Hungary is an ideal place if you want to move your business to Europe. Company formation takes just 4-5 business days, corporate tax is only 9%, and there are no restrictions on the nationality of the owner of the company. However, if you want to build lasting and fruitful business relationships locally, you should get familiar with basic business etiquette in Hungary.
Since you will probably be new to the local market, it is important to present yourself as a trustworthy partner.
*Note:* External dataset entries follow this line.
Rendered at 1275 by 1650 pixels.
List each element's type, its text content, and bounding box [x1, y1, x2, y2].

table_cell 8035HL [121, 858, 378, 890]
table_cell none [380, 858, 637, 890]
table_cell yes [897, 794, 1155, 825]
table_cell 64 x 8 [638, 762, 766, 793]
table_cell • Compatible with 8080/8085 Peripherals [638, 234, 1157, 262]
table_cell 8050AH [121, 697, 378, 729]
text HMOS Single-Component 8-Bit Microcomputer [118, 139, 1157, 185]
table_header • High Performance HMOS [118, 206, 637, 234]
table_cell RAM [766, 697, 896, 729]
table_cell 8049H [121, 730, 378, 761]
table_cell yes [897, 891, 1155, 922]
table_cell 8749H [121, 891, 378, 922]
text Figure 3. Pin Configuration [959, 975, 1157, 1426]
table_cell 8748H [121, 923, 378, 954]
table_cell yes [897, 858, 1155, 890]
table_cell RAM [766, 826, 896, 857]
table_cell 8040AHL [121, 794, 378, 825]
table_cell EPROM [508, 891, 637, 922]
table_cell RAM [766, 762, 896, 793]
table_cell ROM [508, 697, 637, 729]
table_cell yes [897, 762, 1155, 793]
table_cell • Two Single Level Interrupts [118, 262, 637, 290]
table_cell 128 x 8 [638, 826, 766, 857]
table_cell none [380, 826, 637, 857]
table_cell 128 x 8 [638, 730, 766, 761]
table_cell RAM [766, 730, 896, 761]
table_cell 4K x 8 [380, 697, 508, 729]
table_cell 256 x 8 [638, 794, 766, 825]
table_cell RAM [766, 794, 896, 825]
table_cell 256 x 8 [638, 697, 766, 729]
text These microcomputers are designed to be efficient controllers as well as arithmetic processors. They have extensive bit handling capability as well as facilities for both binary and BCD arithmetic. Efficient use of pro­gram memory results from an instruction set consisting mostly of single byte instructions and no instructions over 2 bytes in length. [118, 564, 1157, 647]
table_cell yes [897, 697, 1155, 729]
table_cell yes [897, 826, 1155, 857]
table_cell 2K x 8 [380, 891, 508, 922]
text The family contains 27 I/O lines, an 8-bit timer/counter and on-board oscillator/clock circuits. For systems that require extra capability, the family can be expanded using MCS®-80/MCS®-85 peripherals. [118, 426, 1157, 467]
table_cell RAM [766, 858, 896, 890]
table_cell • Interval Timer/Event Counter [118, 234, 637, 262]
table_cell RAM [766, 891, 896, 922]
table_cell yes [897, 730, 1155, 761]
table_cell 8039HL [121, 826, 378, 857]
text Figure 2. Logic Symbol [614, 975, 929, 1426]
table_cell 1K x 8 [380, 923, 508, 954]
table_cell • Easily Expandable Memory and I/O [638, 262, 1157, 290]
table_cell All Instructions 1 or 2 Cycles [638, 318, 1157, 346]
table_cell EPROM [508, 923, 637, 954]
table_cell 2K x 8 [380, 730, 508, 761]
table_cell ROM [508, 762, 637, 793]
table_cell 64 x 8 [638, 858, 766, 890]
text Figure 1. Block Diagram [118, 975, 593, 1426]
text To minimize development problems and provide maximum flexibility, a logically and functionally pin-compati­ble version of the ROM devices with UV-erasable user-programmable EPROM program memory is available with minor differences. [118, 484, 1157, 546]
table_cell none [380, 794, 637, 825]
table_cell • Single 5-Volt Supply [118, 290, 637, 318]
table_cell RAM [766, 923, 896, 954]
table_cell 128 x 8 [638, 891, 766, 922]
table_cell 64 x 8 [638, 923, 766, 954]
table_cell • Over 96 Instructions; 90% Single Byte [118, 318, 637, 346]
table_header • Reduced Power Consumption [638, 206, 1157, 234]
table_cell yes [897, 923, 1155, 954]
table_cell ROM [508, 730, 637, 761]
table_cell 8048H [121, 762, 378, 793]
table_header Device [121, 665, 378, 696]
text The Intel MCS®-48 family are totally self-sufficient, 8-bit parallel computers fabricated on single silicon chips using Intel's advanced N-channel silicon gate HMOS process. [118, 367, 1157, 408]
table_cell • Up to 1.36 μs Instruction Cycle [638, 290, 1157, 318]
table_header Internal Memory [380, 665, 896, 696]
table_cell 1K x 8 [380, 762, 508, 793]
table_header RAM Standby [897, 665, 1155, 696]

Having an up-to-date LinkedIn page is a good start, especially if your Hungarian company does not have its own website from Day 1. It is great if you have a local partner you already know and who can introduce you to new partners and vouch for you. Without that, you can still attend networking events in your business sector to find new contacts.
Face-to-face meetings are highly appreciated, and you can make a good impression with a strong handshake and the right amount of eye-contact. Mind you, because of the recent pandemic, business etiquette has also changed: meetings might be replaced by video calls, and some people might also refrain from shaking hands, while there is no widely established alternative for it just yet, since bowing or namaste are not (yet) customary.
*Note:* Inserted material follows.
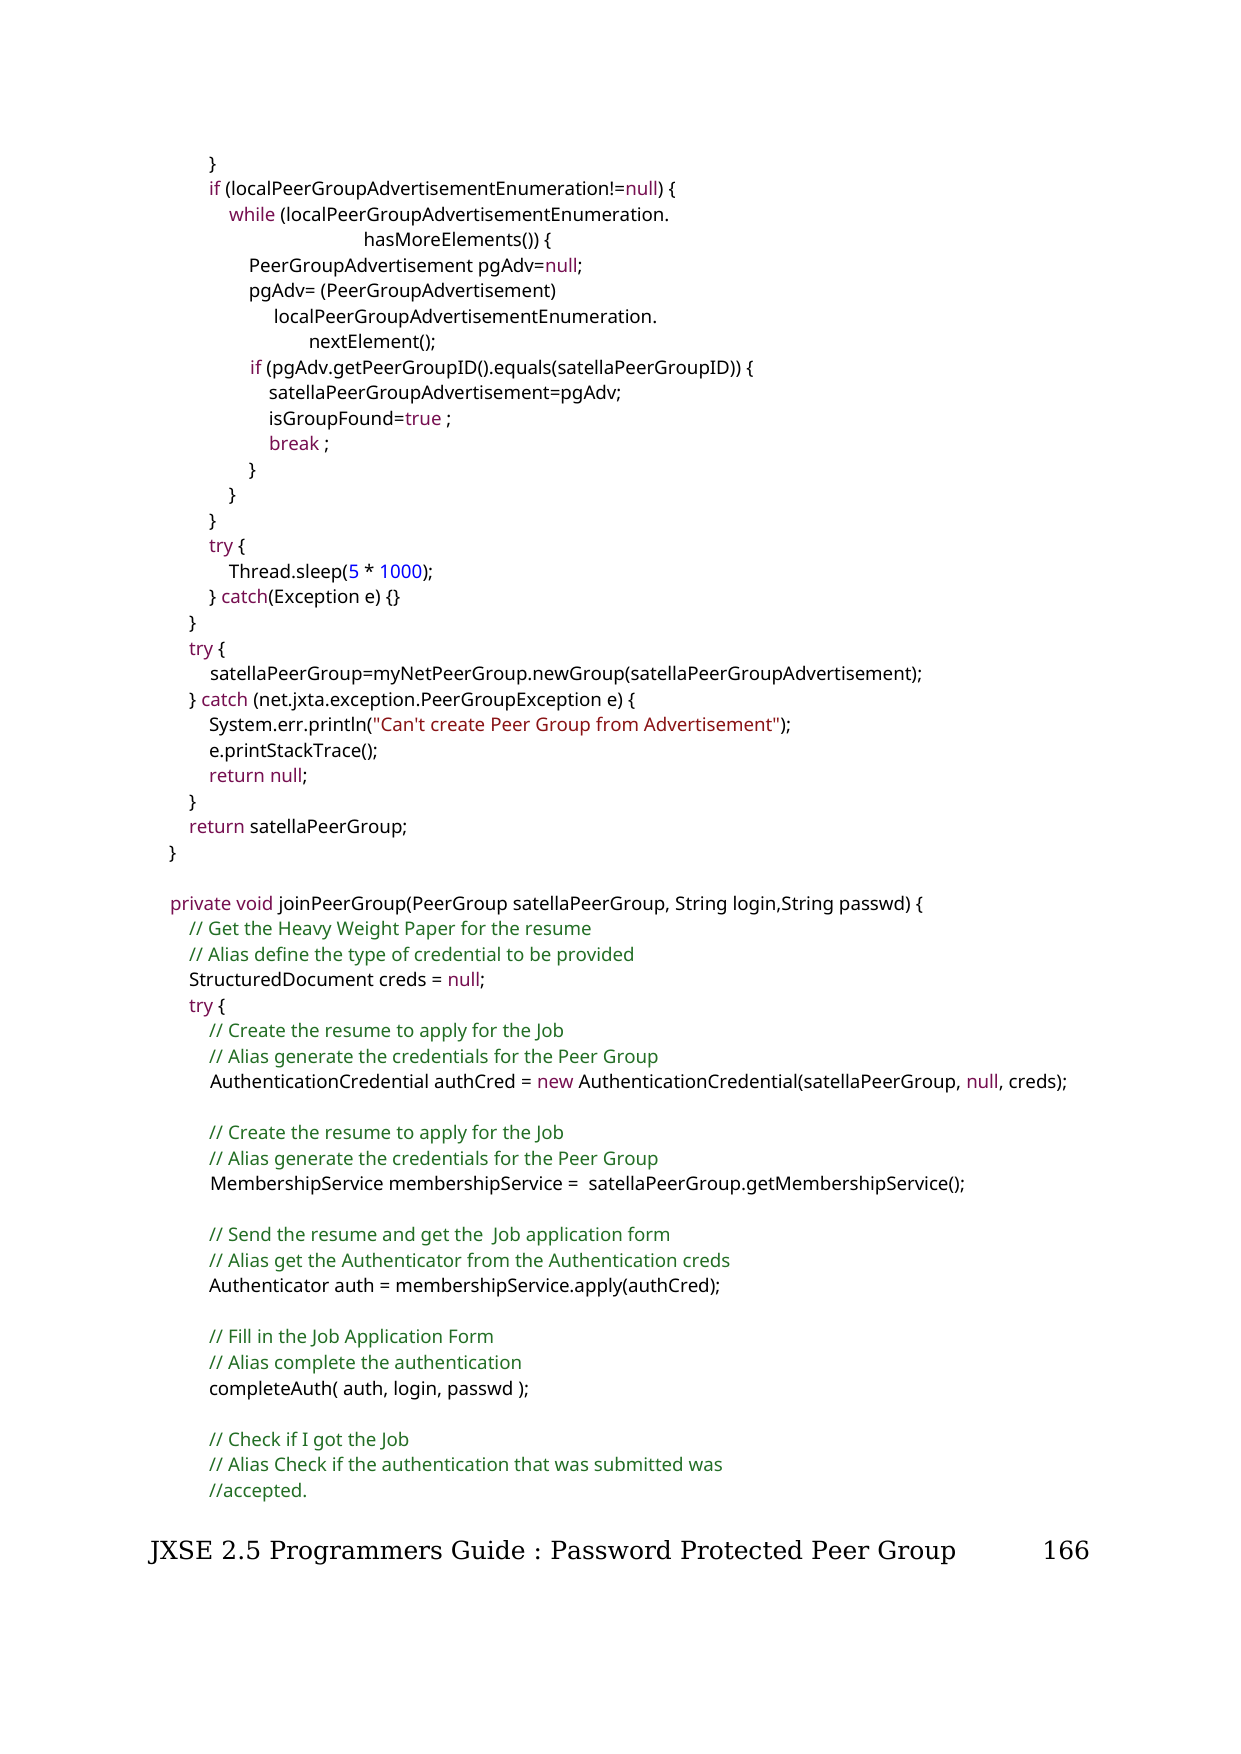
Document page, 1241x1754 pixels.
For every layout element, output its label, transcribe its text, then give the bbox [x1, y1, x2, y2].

Especially at the beginning of a new business relationship, it is essential to show your respect towards your new partner. Respectful behavior includes not only the way you talk, but also the way you dress (formal attire means dark suit, white shirt, and closed shoes; a bit overdressed is always preferable to being underdressed), and arriving on time (preferably even 5-10 minutes before the meeting).
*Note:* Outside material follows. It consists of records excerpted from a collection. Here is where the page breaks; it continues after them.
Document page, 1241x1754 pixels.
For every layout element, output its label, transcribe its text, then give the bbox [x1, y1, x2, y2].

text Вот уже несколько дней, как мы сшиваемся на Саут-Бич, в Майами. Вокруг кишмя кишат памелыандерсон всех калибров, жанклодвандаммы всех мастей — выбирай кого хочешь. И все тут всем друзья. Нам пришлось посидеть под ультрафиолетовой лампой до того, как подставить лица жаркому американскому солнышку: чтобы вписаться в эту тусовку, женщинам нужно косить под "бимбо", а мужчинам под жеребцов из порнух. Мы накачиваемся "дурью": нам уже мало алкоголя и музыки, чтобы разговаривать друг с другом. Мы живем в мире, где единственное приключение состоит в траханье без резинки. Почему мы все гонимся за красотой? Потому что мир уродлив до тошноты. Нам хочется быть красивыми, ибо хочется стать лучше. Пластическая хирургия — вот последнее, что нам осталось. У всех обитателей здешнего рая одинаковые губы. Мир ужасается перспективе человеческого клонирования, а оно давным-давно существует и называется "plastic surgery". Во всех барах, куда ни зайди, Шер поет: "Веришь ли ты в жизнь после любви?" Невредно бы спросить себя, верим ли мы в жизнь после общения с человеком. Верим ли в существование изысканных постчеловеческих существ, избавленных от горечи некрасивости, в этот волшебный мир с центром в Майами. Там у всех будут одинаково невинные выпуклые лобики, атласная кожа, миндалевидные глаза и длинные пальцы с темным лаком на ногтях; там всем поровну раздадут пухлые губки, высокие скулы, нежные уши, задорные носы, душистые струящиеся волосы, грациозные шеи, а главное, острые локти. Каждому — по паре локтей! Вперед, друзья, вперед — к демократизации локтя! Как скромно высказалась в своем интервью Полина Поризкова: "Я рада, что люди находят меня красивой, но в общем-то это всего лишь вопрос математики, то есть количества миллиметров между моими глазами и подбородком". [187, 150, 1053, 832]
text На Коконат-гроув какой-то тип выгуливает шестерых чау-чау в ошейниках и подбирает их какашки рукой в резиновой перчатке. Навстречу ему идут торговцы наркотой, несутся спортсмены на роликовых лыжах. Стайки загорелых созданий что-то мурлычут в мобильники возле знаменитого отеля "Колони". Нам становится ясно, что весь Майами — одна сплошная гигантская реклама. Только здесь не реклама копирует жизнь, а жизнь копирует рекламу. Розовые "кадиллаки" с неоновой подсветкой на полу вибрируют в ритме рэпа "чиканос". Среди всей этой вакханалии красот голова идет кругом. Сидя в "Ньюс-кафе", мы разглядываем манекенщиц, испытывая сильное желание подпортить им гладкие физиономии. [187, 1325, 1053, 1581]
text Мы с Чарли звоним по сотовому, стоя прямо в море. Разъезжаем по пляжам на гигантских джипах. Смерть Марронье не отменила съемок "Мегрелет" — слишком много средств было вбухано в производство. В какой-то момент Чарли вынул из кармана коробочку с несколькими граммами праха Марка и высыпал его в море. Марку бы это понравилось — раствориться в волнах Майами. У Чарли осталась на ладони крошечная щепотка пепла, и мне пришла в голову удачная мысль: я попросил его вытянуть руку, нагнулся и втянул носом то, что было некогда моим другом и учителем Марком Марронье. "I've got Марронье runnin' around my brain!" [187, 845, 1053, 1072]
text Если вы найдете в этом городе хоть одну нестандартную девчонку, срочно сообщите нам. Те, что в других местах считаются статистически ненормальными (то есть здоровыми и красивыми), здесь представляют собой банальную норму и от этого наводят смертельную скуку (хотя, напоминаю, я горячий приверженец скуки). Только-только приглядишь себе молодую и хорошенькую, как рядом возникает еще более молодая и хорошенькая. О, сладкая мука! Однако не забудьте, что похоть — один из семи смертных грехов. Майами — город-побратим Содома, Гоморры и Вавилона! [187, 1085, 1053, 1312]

Hungarian people tend to communicate more directly in all situations, including business situations, which might make them come across as rude. In fact, they are just more focused on the goals to achieve, and if you do the same, you will find that they are open to negotiation and you will be able to arrive at a reasonable compromise together.
Mind you, “arriving at a compromise” is usually not an option when dealing with authorities or utilities. Some prices are regulated officially, in which case there is no room for bargaining.
Business meetings often take place at the office of one of the partners. Because of the pandemic, some of the meetings are being replaced by video calls, while sometimes other venues are chosen to protect the office staff from unnecessary risks, e.g. an open-air restaurant or café.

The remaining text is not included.